When he growled, armies obeyed. When he howled, the mountain answered.
Around him sat the Clans' Inner Circle: —Urdak Flamejaw, his old war-brother, now Warden of the Eastern Border, loyal but impatient. —Thane Gorrik, the youngest Alpha in a century, fierce and hungry, whose followers whispered already of challenging the old ways. —Matron Hessa, Keeper of the Old Rites, ancient and blind, her voice carried the weight of a thousand moon cycles.
And among them, sharper than any blade, sat Ysolde Fenra—the silver-eyed she-wolf who bore no title but held more sway than most Alphas dared admit.
Where Rurik ruled by force, Ysolde thrived by foresight. She was not born into power. She earned it with every battle, every negotiation, every moment she stood between the clans and war. Tall and lean, her voice was calm but carried steel. Her amber gaze could silence a drunken brawl. She wore no ornaments, no gold—only the hide of a direwolf she had slain herself.
The Binding Circle is fracturing," Ysolde said now, her voice steady as the hearth fire. "The humans strengthen their walls. The Fae send masked envoys. The Noctis bleed their own. We should not wait for the storm. We must prepare."

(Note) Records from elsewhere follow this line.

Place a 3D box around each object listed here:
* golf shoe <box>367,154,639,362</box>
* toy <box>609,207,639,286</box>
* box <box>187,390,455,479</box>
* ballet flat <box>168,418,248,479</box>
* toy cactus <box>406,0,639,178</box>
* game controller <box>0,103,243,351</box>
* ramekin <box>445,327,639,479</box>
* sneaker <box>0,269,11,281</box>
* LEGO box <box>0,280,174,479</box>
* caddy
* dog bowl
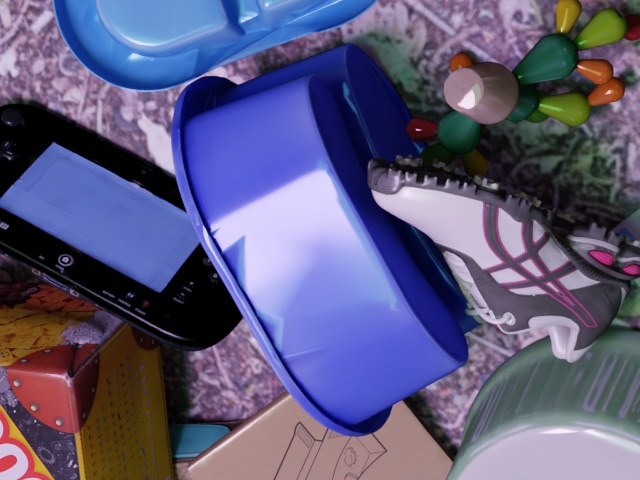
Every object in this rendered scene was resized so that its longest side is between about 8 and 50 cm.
[{"bbox_3d":[0.146,0.014,1.511,0.272,0.105,0.120,22,94,-27],"label":"golf shoe"},{"bbox_3d":[0.355,-0.007,1.530,0.237,0.056,0.137,-40,91,31],"label":"toy"},{"bbox_3d":[0.004,0.212,1.728,0.201,0.021,0.164,-37,107,8],"label":"box"},{"bbox_3d":[-0.071,0.211,1.806,0.206,0.073,0.067,-1,138,26],"label":"ballet flat"},{"bbox_3d":[0.150,-0.128,1.504,0.219,0.180,0.112,-26,79,25],"label":"toy cactus"},{"bbox_3d":[-0.200,-0.014,1.699,0.319,0.166,0.067,27,129,10],"label":"game controller"},{"bbox_3d":[0.249,0.243,1.623,0.303,0.148,0.303,9,115,20],"label":"ramekin"},{"bbox_3d":[-0.326,0.090,1.874,0.042,0.067,0.118,9,85,22],"label":"sneaker"},{"bbox_3d":[-0.341,0.293,1.789,0.372,0.193,0.500,4,114,18],"label":"LEGO box"},{"bbox_3d":[0.000,0.000,1.579,0.179,0.241,0.341,-25,99,25],"label":"caddy"},{"bbox_3d":[-0.075,-0.227,1.548,0.297,0.074,0.166,-20,88,3],"label":"dog bowl"}]
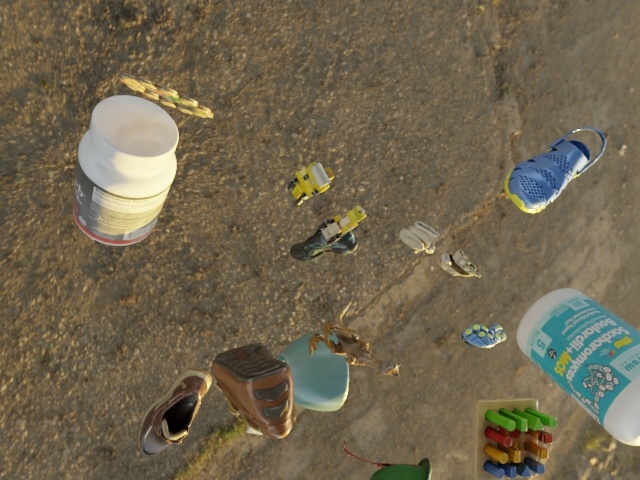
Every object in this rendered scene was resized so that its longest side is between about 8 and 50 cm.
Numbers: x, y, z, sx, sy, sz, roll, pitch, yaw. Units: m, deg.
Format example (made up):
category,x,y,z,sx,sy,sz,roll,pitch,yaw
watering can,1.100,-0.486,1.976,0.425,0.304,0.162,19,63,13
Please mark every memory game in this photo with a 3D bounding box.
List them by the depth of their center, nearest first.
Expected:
category,x,y,z,sx,sy,sz,roll,pitch,yaw
memory game,-0.302,-0.282,0.804,0.186,0.186,0.012,18,94,-33

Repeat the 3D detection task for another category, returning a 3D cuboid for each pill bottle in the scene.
category,x,y,z,sx,sy,sz,roll,pitch,yaw
pill bottle,0.450,0.201,0.628,0.146,0.264,0.146,-10,121,-17
pill bottle,-0.473,-0.157,0.989,0.210,0.363,0.211,18,52,-24

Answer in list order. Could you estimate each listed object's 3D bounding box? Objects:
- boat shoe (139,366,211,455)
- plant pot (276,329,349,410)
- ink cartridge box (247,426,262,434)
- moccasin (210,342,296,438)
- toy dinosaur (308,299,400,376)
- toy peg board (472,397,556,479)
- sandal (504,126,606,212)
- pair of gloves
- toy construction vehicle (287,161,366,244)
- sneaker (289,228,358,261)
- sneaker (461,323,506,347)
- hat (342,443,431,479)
category,x,y,z,sx,sy,sz,roll,pitch,yaw
boat shoe,-0.444,0.536,1.211,0.123,0.123,0.342,36,104,-19
plant pot,-0.054,0.478,1.485,0.195,0.290,0.291,3,97,-27
ink cartridge box,-0.150,0.434,1.065,0.046,0.207,0.097,13,52,-10
moccasin,-0.135,0.300,0.842,0.139,0.380,0.147,-12,89,-28
toy dinosaur,0.039,0.153,0.631,0.112,0.211,0.064,20,101,-29
toy peg board,0.406,0.421,0.843,0.161,0.079,0.161,5,84,-17
sandal,0.571,-0.183,0.985,0.317,0.138,0.126,-37,78,-24
pair of gloves,0.340,0.035,1.200,0.240,0.204,0.042,37,81,-1
toy construction vehicle,0.007,-0.044,0.433,0.035,0.098,0.086,-30,87,-19
sneaker,0.000,0.000,1.455,0.106,0.267,0.101,60,29,-34
sneaker,0.445,0.272,1.127,0.188,0.078,0.067,7,50,-44
hat,0.133,0.555,0.963,0.173,0.183,0.209,-44,159,-53
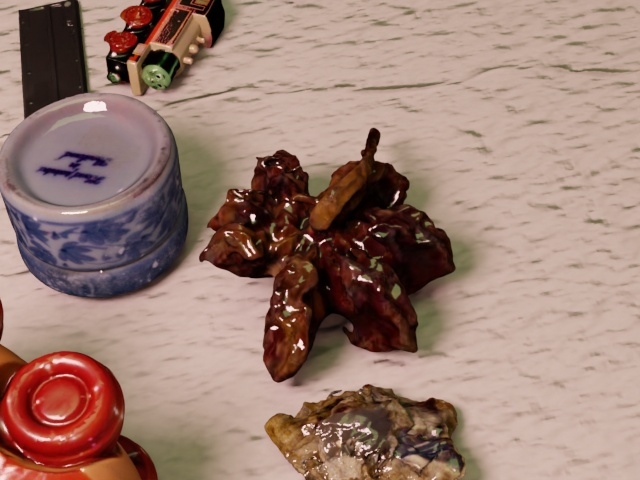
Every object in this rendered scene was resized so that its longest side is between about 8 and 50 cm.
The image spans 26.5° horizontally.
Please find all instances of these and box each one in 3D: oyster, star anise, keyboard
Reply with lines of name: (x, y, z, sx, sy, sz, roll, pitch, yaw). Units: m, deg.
oyster: (0.030, 0.141, 0.992, 0.148, 0.051, 0.103, -9, 41, 11)
star anise: (0.000, 0.000, 1.071, 0.190, 0.126, 0.220, -22, 54, -8)
keyboard: (-0.256, -0.165, 1.307, 0.063, 0.010, 0.198, -11, 49, -2)

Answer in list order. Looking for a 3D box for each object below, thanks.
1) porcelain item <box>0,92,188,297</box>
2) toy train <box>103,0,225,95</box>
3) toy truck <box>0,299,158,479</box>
porcelain item: (-0.184, -0.035, 1.119, 0.147, 0.114, 0.147, -2, 47, 3)
toy train: (-0.151, -0.193, 1.296, 0.087, 0.050, 0.138, 15, 53, 13)
toy truck: (-0.247, 0.171, 0.907, 0.265, 0.189, 0.239, 33, 65, 22)

A low growl came from Thane Gorrik. "Prepare how? Bow to humans? Sign more oaths to bloodless kings? The Binding holds the peace," Ysolde replied. "Without it, we are at war with all. And some of us," she glanced toward the younger wolf with just enough disdain, "have not seen real war. The circle tensed. High Alpha Rurik raised a hand, and silence fell like snow.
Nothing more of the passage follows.